EXTRACTED INFORMATION START

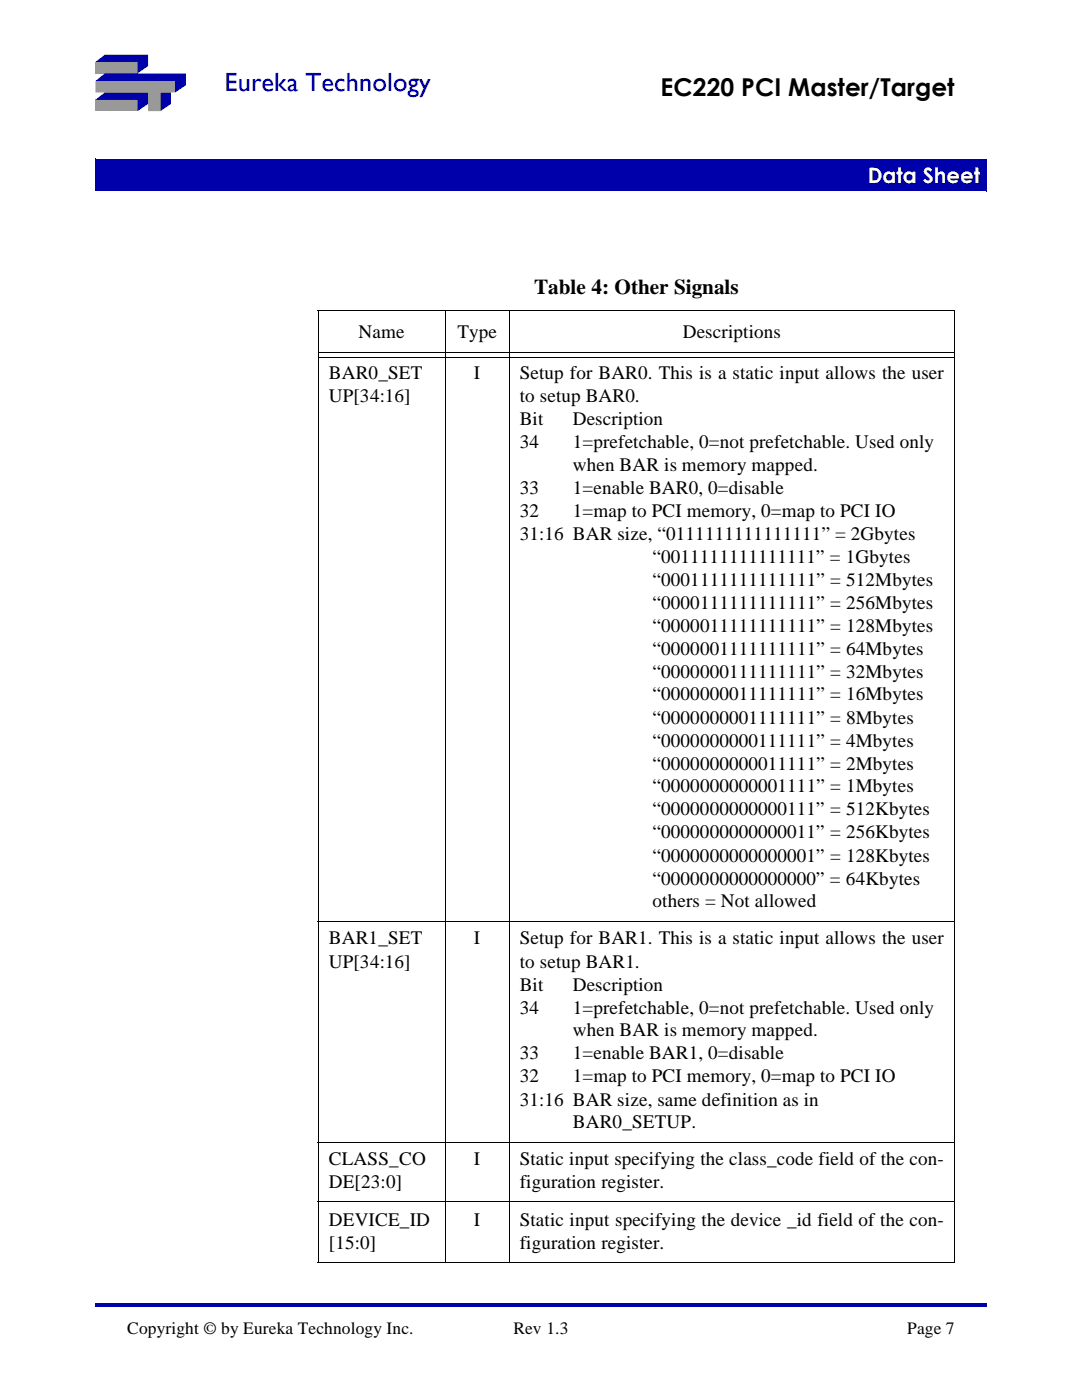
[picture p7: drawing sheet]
<svg xmlns="http://www.w3.org/2000/svg" width="216mm" height="279mm" viewBox="0 0 216 279" stroke-linecap="round" stroke-linejoin="round" font-family="sans-serif">
<defs><g id="words">
<text font-size="5.2" fill="#00a" x="44.8" y="18.2">Eureka Technology</text>
<text font-size="4.9" x="131.8" y="19.1">EC220 PCI Master/Target</text>
<text font-size="4.2" fill="#fff" x="173.1" y="36.5">Data Sheet</text>
<text font-size="4.2" x="106.6" y="58.6">Table 4: Other Signals</text>
<g font-size="3.8">
<text x="71.5" y="67.5">Name</text>
<text x="91.3" y="67.5">Type</text>
<text x="136.2" y="67.5">Descriptions</text>
<text x="65.6" y="75.6">BAR0_SET</text>
<text x="94.6" y="75.6">I</text>
<text x="103.7" y="75.6">Setup for BAR0. This is a static input allows the user</text>
<text x="65.6" y="80.2">UP[34:16]</text>
<text x="103.7" y="80.2">to setup BAR0.</text>
<text x="103.7" y="84.8">Bit</text>
<text x="103.7" y="89.4">34</text>
<text x="114.3" y="84.8">Description</text>
<text x="114.3" y="89.4">1=prefetchable, 0=not prefetchable. Used only</text>
<text x="114.3" y="94">when BAR is memory mapped.</text>
<text x="103.7" y="98.6">33</text>
<text x="114.3" y="98.6">1=enable BAR0, 0=disable</text>
<text x="103.7" y="103.1">32</text>
<text x="103.7" y="107.7">31:16 BAR size, “0111111111111111” = 2Gbytes</text>
<text x="114.3" y="103.1">1=map to PCI memory, 0=map to PCI IO</text>
<text x="130.2" y="112.3">“0011111111111111” = 1Gbytes</text>
<text x="130.2" y="116.9">“0001111111111111” = 512Mbytes</text>
<text x="130.2" y="121.5">“0000111111111111” = 256Mbytes</text>
<text x="130.2" y="126.1">“0000011111111111” = 128Mbytes</text>
<text x="130.2" y="130.6">“0000001111111111” = 64Mbytes</text>
<text x="130.2" y="135.2">“0000000111111111” = 32Mbytes</text>
<text x="130.2" y="139.8">“0000000011111111” = 16Mbytes</text>
<text x="130.2" y="144.4">“0000000001111111” = 8Mbytes</text>
<text x="130.2" y="149">“0000000000111111” = 4Mbytes</text>
<text x="130.2" y="153.6">“0000000000011111” = 2Mbytes</text>
<text x="130.2" y="158.2">“0000000000001111” = 1Mbytes</text>
<text x="130.2" y="162.7">“0000000000000111” = 512Kbytes</text>
<text x="130.2" y="167.3">“0000000000000011” = 256Kbytes</text>
<text x="130.2" y="172">“0000000000000001” = 128Kbytes</text>
<text x="130.2" y="176.5">“0000000000000000” = 64Kbytes</text>
<text x="130.2" y="181.1">others = Not allowed</text>
<text x="65.6" y="188.5">BAR1_SET</text>
<text x="94.6" y="188.5">I</text>
<text x="103.7" y="188.5">Setup for BAR1. This is a static input allows the user</text>
<text x="65.6" y="193.1">UP[34:16]</text>
<text x="103.7" y="193.1">to setup BAR1.</text>
<text x="103.7" y="197.7">Bit</text>
<text x="114.3" y="197.7">Description</text>
<text x="103.7" y="202.3">34</text>
<text x="114.3" y="202.3">1=prefetchable, 0=not prefetchable. Used only</text>
<text x="114.3" y="206.8">when BAR is memory mapped.</text>
<text x="103.7" y="211.4">33</text>
<text x="103.7" y="216">32</text>
<text x="114.3" y="211.4">1=enable BAR1, 0=disable</text>
<text x="114.3" y="216">1=map to PCI memory, 0=map to PCI IO</text>
<text x="103.7" y="220.6">31:16 BAR size, same definition as in</text>
<text x="114.3" y="225.2">BAR0_SETUP.</text>
<text x="65.6" y="232.6">CLASS_CO</text>
<text x="94.6" y="232.6">I</text>
<text x="103.7" y="232.6">Static input specifying the class_code field of the con-</text>
<text x="65.6" y="237.2">DE[23:0]</text>
<text x="103.7" y="237.2">figuration register.</text>
<text x="65.6" y="244.6">DEVICE_ID</text>
<text x="94.6" y="244.6">I</text>
<text x="103.7" y="244.6">Static input specifying the device _id field of the con-</text>
<text x="65.6" y="249.2">[15:0]</text>
<text x="103.7" y="249.2">figuration register.</text>
</g>
<g font-size="3.5">
<text x="25.4" y="266.2">Copyright © by Eureka Technology Inc.</text>
<text x="102.4" y="266.2">Rev 1.3</text>
<text x="181" y="266.2">Page 7</text>
</g>
</g></defs>
<path d="M19 260h177.8v.7h-177.8z" fill="#00a"/>
<g fill="#999">
<path d="M19 12.4h8.4v2.2h-8.4z"/>
<path d="M19 19.9h8.4v2.3h-8.4z"/>
</g>
<path d="M19 16.2h16v2.3h-3v3.7h-2.5v-3.7h-10.5z" fill-rule="evenodd" fill="#999"/>
<g fill="#00a">
<path d="M32 18.5h2.1v2.2l-2.1 1.5z" fill-rule="evenodd"/>
<path d="M19 16.2l1.9-1.6h16.2v2.4l-2.1 1.5v-2.3z" fill-rule="evenodd"/>
<path d="M19 12.4l1.9-1.5h8.6v2.3l-2.1 1.4v-2.2z" fill-rule="evenodd"/>
<path d="M19 19.9l1.9-1.4h8.6v2.2l-2.1 1.5v-2.3z" fill-rule="evenodd"/>
</g>
<path d="M19 31.8h177.8v6.3h-177.8z" fill="#00a"/>
<path d="M19 38.1h177.8M19 31.7v6.4M19 31.8h177.9M196.8 31.8v6.4" fill="none" stroke="#00a" stroke-width=".2"/>
<path d="M63.4 62.1h127.2M63.5 62.1v189.7M63.6 70.4h126.8M63.6 71.4h126.8M88.9 62v190M101.6 62v190M190.5 62.1v189.7M63.4 183.8h127.2M63.4 227.9h127.2M63.4 239.9h127.2M63.4 251.9h127.2" fill="none" stroke="#000" stroke-width=".2"/>
<use href="#words"/>
</svg>

EXTRACTED INFORMATION END

# YOUR INSTRUCTIONS:
Line by line, give the material above again exactly, but without any pictures.

# ANSWER BOX:
[picture p7: drawing sheet]
<svg xmlns="http://www.w3.org/2000/svg" width="216mm" height="279mm" viewBox="0 0 216 279" stroke-linecap="round" stroke-linejoin="round" font-family="sans-serif">
<defs><g id="words">
<text font-size="5.2" fill="#00a" x="44.8" y="18.2">Eureka Technology</text>
<text font-size="4.9" x="131.8" y="19.1">EC220 PCI Master/Target</text>
<text font-size="4.2" fill="#fff" x="173.1" y="36.5">Data Sheet</text>
<text font-size="4.2" x="106.6" y="58.6">Table 4: Other Signals</text>
<g font-size="3.8">
<text x="71.5" y="67.5">Name</text>
<text x="91.3" y="67.5">Type</text>
<text x="136.2" y="67.5">Descriptions</text>
<text x="65.6" y="75.6">BAR0_SET</text>
<text x="94.6" y="75.6">I</text>
<text x="103.7" y="75.6">Setup for BAR0. This is a static input allows the user</text>
<text x="65.6" y="80.2">UP[34:16]</text>
<text x="103.7" y="80.2">to setup BAR0.</text>
<text x="103.7" y="84.8">Bit</text>
<text x="103.7" y="89.4">34</text>
<text x="114.3" y="84.8">Description</text>
<text x="114.3" y="89.4">1=prefetchable, 0=not prefetchable. Used only</text>
<text x="114.3" y="94">when BAR is memory mapped.</text>
<text x="103.7" y="98.6">33</text>
<text x="114.3" y="98.6">1=enable BAR0, 0=disable</text>
<text x="103.7" y="103.1">32</text>
<text x="103.7" y="107.7">31:16 BAR size, “0111111111111111” = 2Gbytes</text>
<text x="114.3" y="103.1">1=map to PCI memory, 0=map to PCI IO</text>
<text x="130.2" y="112.3">“0011111111111111” = 1Gbytes</text>
<text x="130.2" y="116.9">“0001111111111111” = 512Mbytes</text>
<text x="130.2" y="121.5">“0000111111111111” = 256Mbytes</text>
<text x="130.2" y="126.1">“0000011111111111” = 128Mbytes</text>
<text x="130.2" y="130.6">“0000001111111111” = 64Mbytes</text>
<text x="130.2" y="135.2">“0000000111111111” = 32Mbytes</text>
<text x="130.2" y="139.8">“0000000011111111” = 16Mbytes</text>
<text x="130.2" y="144.4">“0000000001111111” = 8Mbytes</text>
<text x="130.2" y="149">“0000000000111111” = 4Mbytes</text>
<text x="130.2" y="153.6">“0000000000011111” = 2Mbytes</text>
<text x="130.2" y="158.2">“0000000000001111” = 1Mbytes</text>
<text x="130.2" y="162.7">“0000000000000111” = 512Kbytes</text>
<text x="130.2" y="167.3">“0000000000000011” = 256Kbytes</text>
<text x="130.2" y="172">“0000000000000001” = 128Kbytes</text>
<text x="130.2" y="176.5">“0000000000000000” = 64Kbytes</text>
<text x="130.2" y="181.1">others = Not allowed</text>
<text x="65.6" y="188.5">BAR1_SET</text>
<text x="94.6" y="188.5">I</text>
<text x="103.7" y="188.5">Setup for BAR1. This is a static input allows the user</text>
<text x="65.6" y="193.1">UP[34:16]</text>
<text x="103.7" y="193.1">to setup BAR1.</text>
<text x="103.7" y="197.7">Bit</text>
<text x="114.3" y="197.7">Description</text>
<text x="103.7" y="202.3">34</text>
<text x="114.3" y="202.3">1=prefetchable, 0=not prefetchable. Used only</text>
<text x="114.3" y="206.8">when BAR is memory mapped.</text>
<text x="103.7" y="211.4">33</text>
<text x="103.7" y="216">32</text>
<text x="114.3" y="211.4">1=enable BAR1, 0=disable</text>
<text x="114.3" y="216">1=map to PCI memory, 0=map to PCI IO</text>
<text x="103.7" y="220.6">31:16 BAR size, same definition as in</text>
<text x="114.3" y="225.2">BAR0_SETUP.</text>
<text x="65.6" y="232.6">CLASS_CO</text>
<text x="94.6" y="232.6">I</text>
<text x="103.7" y="232.6">Static input specifying the class_code field of the con-</text>
<text x="65.6" y="237.2">DE[23:0]</text>
<text x="103.7" y="237.2">figuration register.</text>
<text x="65.6" y="244.6">DEVICE_ID</text>
<text x="94.6" y="244.6">I</text>
<text x="103.7" y="244.6">Static input specifying the device _id field of the con-</text>
<text x="65.6" y="249.2">[15:0]</text>
<text x="103.7" y="249.2">figuration register.</text>
</g>
<g font-size="3.5">
<text x="25.4" y="266.2">Copyright © by Eureka Technology Inc.</text>
<text x="102.4" y="266.2">Rev 1.3</text>
<text x="181" y="266.2">Page 7</text>
</g>
</g></defs>
<path d="M19 260h177.8v.7h-177.8z" fill="#00a"/>
<g fill="#999">
<path d="M19 12.4h8.4v2.2h-8.4z"/>
<path d="M19 19.9h8.4v2.3h-8.4z"/>
</g>
<path d="M19 16.2h16v2.3h-3v3.7h-2.5v-3.7h-10.5z" fill-rule="evenodd" fill="#999"/>
<g fill="#00a">
<path d="M32 18.5h2.1v2.2l-2.1 1.5z" fill-rule="evenodd"/>
<path d="M19 16.2l1.9-1.6h16.2v2.4l-2.1 1.5v-2.3z" fill-rule="evenodd"/>
<path d="M19 12.4l1.9-1.5h8.6v2.3l-2.1 1.4v-2.2z" fill-rule="evenodd"/>
<path d="M19 19.9l1.9-1.4h8.6v2.2l-2.1 1.5v-2.3z" fill-rule="evenodd"/>
</g>
<path d="M19 31.8h177.8v6.3h-177.8z" fill="#00a"/>
<path d="M19 38.1h177.8M19 31.7v6.4M19 31.8h177.9M196.8 31.8v6.4" fill="none" stroke="#00a" stroke-width=".2"/>
<path d="M63.4 62.1h127.2M63.5 62.1v189.7M63.6 70.4h126.8M63.6 71.4h126.8M88.9 62v190M101.6 62v190M190.5 62.1v189.7M63.4 183.8h127.2M63.4 227.9h127.2M63.4 239.9h127.2M63.4 251.9h127.2" fill="none" stroke="#000" stroke-width=".2"/>
<use href="#words"/>
</svg>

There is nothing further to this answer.